The holiday season is upon us. Thanksgiving is now a blurred memory. Hanukkah begins in a few days, and yes, there are less than two weeks to Christmas. With the coming of the seasons’ festivities, good words like family, cheer, love, joy, festivity, lights, decorations, and food nourish and sustain us. For some, however, these are tough days. Many people—some of your clients and close friends—struggle through the holiday. For those who suffer from depression, this season can be lethal.

Depression is an illness that requires professional support. For many, carefully prescribed medication gets them through the challenges of daily living. Sometimes, however, depression goes malignant taking a person into a mental and emotional state that ends tragically in suicide. 

When a client or a client’s family member takes his or her life, we can be stunned into either inactivity or silence. Even thinking or saying the word “suicide” can numb us so we don’t know what to do or say much less how to reach out to those we serve.
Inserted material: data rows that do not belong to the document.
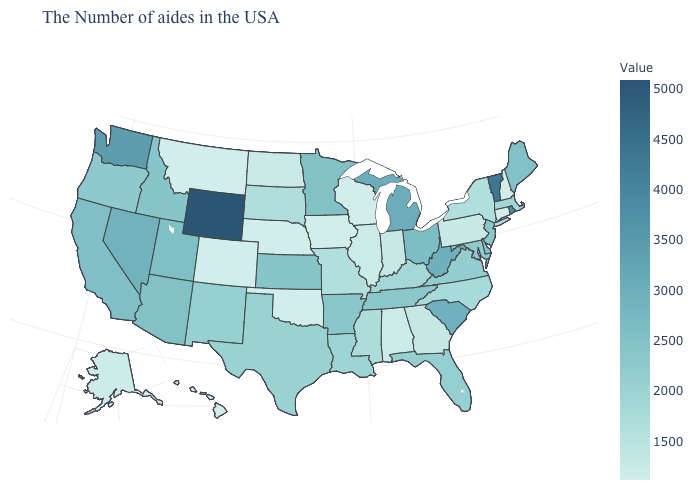Which states have the lowest value in the USA?
Keep it brief. New Hampshire, Connecticut, Wisconsin, Iowa, Nebraska, Oklahoma, Colorado, Montana, Hawaii. Among the states that border Virginia , does Tennessee have the highest value?
Keep it brief. No. Among the states that border Oklahoma , does Missouri have the highest value?
Keep it brief. No. Does Missouri have a higher value than Wyoming?
Concise answer only. No. Does Colorado have the lowest value in the USA?
Answer briefly. Yes. Among the states that border South Dakota , does Minnesota have the lowest value?
Quick response, please. No. Does Massachusetts have the highest value in the Northeast?
Write a very short answer. No. Among the states that border Nevada , does Utah have the highest value?
Answer briefly. Yes. Does Rhode Island have the highest value in the USA?
Short answer required. No. 
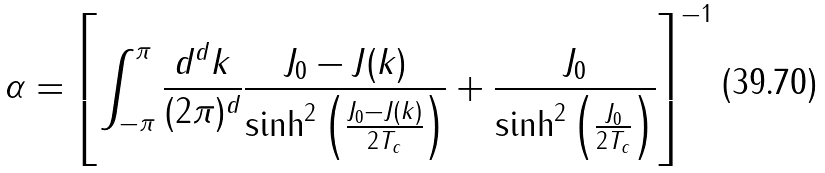<formula> <loc_0><loc_0><loc_500><loc_500>\alpha = \left [ \int _ { - \pi } ^ { \pi } \frac { d ^ { d } { k } } { ( 2 \pi ) ^ { d } } \frac { J _ { 0 } - J ( { k } ) } { \sinh ^ { 2 } \left ( \frac { J _ { 0 } - J ( { k } ) } { 2 T _ { c } } \right ) } + \frac { J _ { 0 } } { \sinh ^ { 2 } \left ( \frac { J _ { 0 } } { 2 T _ { c } } \right ) } \right ] ^ { - 1 }</formula> 
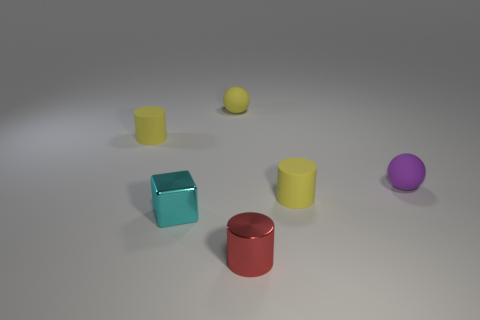Subtract all yellow blocks. How many yellow cylinders are left? 2 Subtract all matte cylinders. How many cylinders are left? 1 Add 2 yellow things. How many objects exist? 8 Add 3 cyan matte cylinders. How many cyan matte cylinders exist? 3 Subtract 0 blue balls. How many objects are left? 6 Subtract all blocks. How many objects are left? 5 Subtract all cyan rubber blocks. Subtract all cubes. How many objects are left? 5 Add 4 metal cylinders. How many metal cylinders are left? 5 
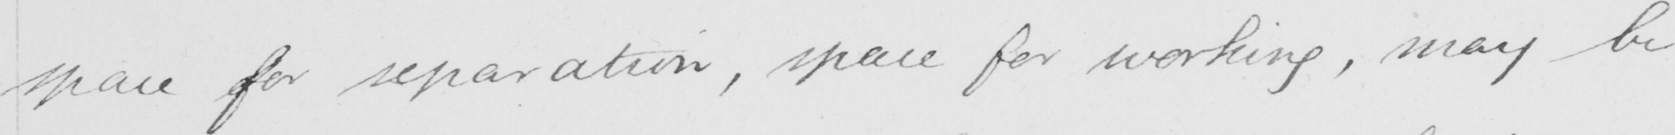Please provide the text content of this handwritten line. space for separation , space for working , may be

We read more about suicide today, especially among our young. We have learned that understanding and taking care of our mental health is just as important as diet, exercise, and periodic visits to our doctors. Our clients and colleagues who struggle with depression and its related illnesses like bipolar disorder and schizophrenia face issues none of us can imagine.

When you suspect a colleague or client is struggling, what can you do? What follows are three suggested responses. 

First, offer the gift of presence. What hurting people need from us is not our commentary or explanation or even well-meaning clichés. Your presence may very well be the best present. Find a way to reach out to your client, look into their eyes as you place a caring hand on their shoulder, and share that you are there to offer support. Hurting people never forget a heartfelt gesture. Simply show up.

Second, should you learn of a suicide, focus on the living without going silent about the deceased. Your client may need to offer an explanation. You can say to them in an affirming way, “I sense overwhelming pain. I’m here because I care about you.” A family that has a parent, child, or relative who has struggled with depression knows a brutal anguish the rest of us cannot imagine. As you listen with love, let them know there is much living beyond this moment and that you will be there for them.

Third, in this holiday season, find ways to reach out. Be intentional, scheduling a call so you don’t forget as these crowded days clamor for your attention. Whether it’s someone dealing with depression or a family’s coping with death, healing takes time: weeks, months, and sometimes years. When it comes to suicide, grief can become a tenured resident that will not be evicted. Be mindful of that possibility. 

The holidays can be the most difficult season of the year. Some of those people are your clients. While other advisors look the other way immobilized by fear, you be the professional who knows your clients so well, you show up offering tender, personal gestures of care, support, and love.